饱经烈阳炙烤后的大地,还在徐徐散发着余温。

粗砺的风沙卷着滚烫气流,蛮横地拂过逻各斯笔挺的制服布料。

扬起几缕微不可察的尘埃。

他静立崖边,驻足眺望着远方那艘已然支离破碎的陆行舰船。

无数根巨型晶簇如同疯长的獠牙,由内自外猛地渗出,狰狞地刺破舰体的金属外壳。

那些曾承载着无数人希望与日常的舱室、通道、甲板,此刻全被冰冷剔透的晶簇彻底吞噬。

罗德岛。

“......”

陈楠沉默着蹲在逻各斯身旁,眺望向远处的目光仍然有些发愣。

瞳孔里倒映着那座逐渐被晶簇吞噬的庞然大物。

她难以接受眼前这一事实。

“我们......完全失去了罗德岛。”

普瑞赛斯留下的后手没有任何征兆,令人猝不及防。

明明再有四十秒,pRtS的一切驱动源便将不复存在、被彻底清除。

明明他们已经触碰到了胜利的边缘,只差这短短一瞬,就能终结这场浩劫。

可他们就是缺少这短暂的四十秒。

当舰体内部的所有源石开始重新疯狂生长、如同藤蔓般肆意吞噬一切,

当晶簇冲破舱壁、震颤大地的瞬间,他们就注定了无法从“神明”的手中夺取分毫时间。

那座承载着罗德岛未来的移动城邦,就在这短短数十秒内,沦为了晶簇的囚笼。

仿佛一切的结局,早已在悄然中注定。

“我们都需要时间来消化这一切。”

逻各斯缓缓从远处收回自己的目光,顿了顿,低下头看向身旁的陈楠。

“但若沉溺于悲痛之中难以走出,罗德岛将永远无法跨越这道荆棘。”

“......Logos先生。”

陈楠怔怔地抬起头,脸上仍残留着一抹难以言说的迷茫。

她张了张嘴,语气低沉地询问:

“失去了罗德岛......我们还能做什么?”

这是她此刻最大的困惑,也是萦绕在所有人心头的阴霾。

没有了罗德岛,他们失去了家园,失去了依托。

像是被连根拔起的植物,在荒原上无处安放。

“不,陈楠。
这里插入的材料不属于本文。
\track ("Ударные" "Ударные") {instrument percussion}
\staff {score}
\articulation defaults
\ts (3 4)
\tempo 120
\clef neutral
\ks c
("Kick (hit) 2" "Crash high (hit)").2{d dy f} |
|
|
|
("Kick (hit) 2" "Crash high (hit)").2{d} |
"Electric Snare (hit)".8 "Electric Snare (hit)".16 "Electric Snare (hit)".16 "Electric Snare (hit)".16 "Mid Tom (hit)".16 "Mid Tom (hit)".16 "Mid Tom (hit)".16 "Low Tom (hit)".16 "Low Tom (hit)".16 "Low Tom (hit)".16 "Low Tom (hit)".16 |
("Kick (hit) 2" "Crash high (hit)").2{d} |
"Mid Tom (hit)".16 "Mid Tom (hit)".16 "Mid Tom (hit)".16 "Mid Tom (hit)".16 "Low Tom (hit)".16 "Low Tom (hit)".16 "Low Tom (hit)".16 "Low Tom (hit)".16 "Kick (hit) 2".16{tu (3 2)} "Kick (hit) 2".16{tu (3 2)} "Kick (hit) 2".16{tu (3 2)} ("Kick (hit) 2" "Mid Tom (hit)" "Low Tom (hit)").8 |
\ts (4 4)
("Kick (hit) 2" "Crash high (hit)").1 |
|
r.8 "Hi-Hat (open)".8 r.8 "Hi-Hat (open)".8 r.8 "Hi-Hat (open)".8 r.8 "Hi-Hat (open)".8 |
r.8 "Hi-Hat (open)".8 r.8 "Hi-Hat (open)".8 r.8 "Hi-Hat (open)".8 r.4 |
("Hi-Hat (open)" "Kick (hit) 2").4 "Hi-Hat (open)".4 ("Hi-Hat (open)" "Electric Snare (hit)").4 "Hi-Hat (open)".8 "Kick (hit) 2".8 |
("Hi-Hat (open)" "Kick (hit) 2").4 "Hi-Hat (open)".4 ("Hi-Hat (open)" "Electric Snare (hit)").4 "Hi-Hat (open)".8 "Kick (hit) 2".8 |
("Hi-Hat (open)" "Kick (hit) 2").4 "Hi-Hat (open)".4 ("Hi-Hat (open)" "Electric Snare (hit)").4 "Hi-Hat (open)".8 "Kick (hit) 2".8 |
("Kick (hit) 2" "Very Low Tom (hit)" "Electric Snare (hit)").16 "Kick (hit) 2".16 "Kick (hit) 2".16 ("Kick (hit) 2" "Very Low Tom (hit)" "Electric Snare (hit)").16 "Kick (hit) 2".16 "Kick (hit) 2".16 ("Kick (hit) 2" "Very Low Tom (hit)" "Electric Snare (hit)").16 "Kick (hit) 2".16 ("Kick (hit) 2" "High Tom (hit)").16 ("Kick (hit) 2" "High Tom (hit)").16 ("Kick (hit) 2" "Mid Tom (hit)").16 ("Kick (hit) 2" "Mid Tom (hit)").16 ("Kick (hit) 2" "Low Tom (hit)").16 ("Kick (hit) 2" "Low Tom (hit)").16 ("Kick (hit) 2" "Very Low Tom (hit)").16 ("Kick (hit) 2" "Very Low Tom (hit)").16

”

逻各斯略微阖眼,安然感受着骨笔握在手中的温润温度,随即轻轻摇了摇头。

他的声音平静却有力,如同荒原上屹立不倒的磐石,带着穿透人心的笃定。

“我们从未失去罗德岛。”

“我们一直都在。”

他的话,在此刻犹如一座雾中灯塔,为陈楠那迷茫失措的心海指明了许些方向。

足够让她暂时平复心情,不再去纠结“偶然”与“注定”究竟意味着什么。

一股狂风吹过陈楠的衣领,吹散了她略显脏灰的长发。

发丝从她渐渐清明的双眸前刮过。

“我明白了,Logos先生。”

她扶着膝盖,缓缓直起身体,转身望向身后那片视野开阔的安全区隔离带。

touch和华法琳医生仍在沉默着四处游走、照看伤员。

mechanits则与其余人一言未发,专注于安全区的建立。

每个人都在用自己的方式,对抗着这场突如其来的灾难。

“我们必须尽快适应。”

逻各斯将骨笔收回制服口袋里,动作沉稳利落。

他转身顺着陈楠的视线,投向远处正在忙碌的人群,目光扫过每一个坚守的身影:

“接下来,我会帮助mechanits加速建立隔离带,同时警戒荒原周遭异常。”

“防止源石晶簇扩散,或是遭遇意外状况。”

“至于博士那边的情况......”

他刻意停顿了一下,看向陈楠。

清秀的眉头隐约蹙起,但很快便重新松开。

“拜托你了,陈楠。”

“嗯,我去看看。”

陈楠随手捋开挡在眉前的丝丝乱发,嘴角一咧,有些勉强地笑了笑:

“在我印象里,博士不是那个扛不住事、遇到挫折就躲在土丘后面消沉的人。”

“她会重新振作起来的。”

“我们也一样,罗德岛也一样。”

......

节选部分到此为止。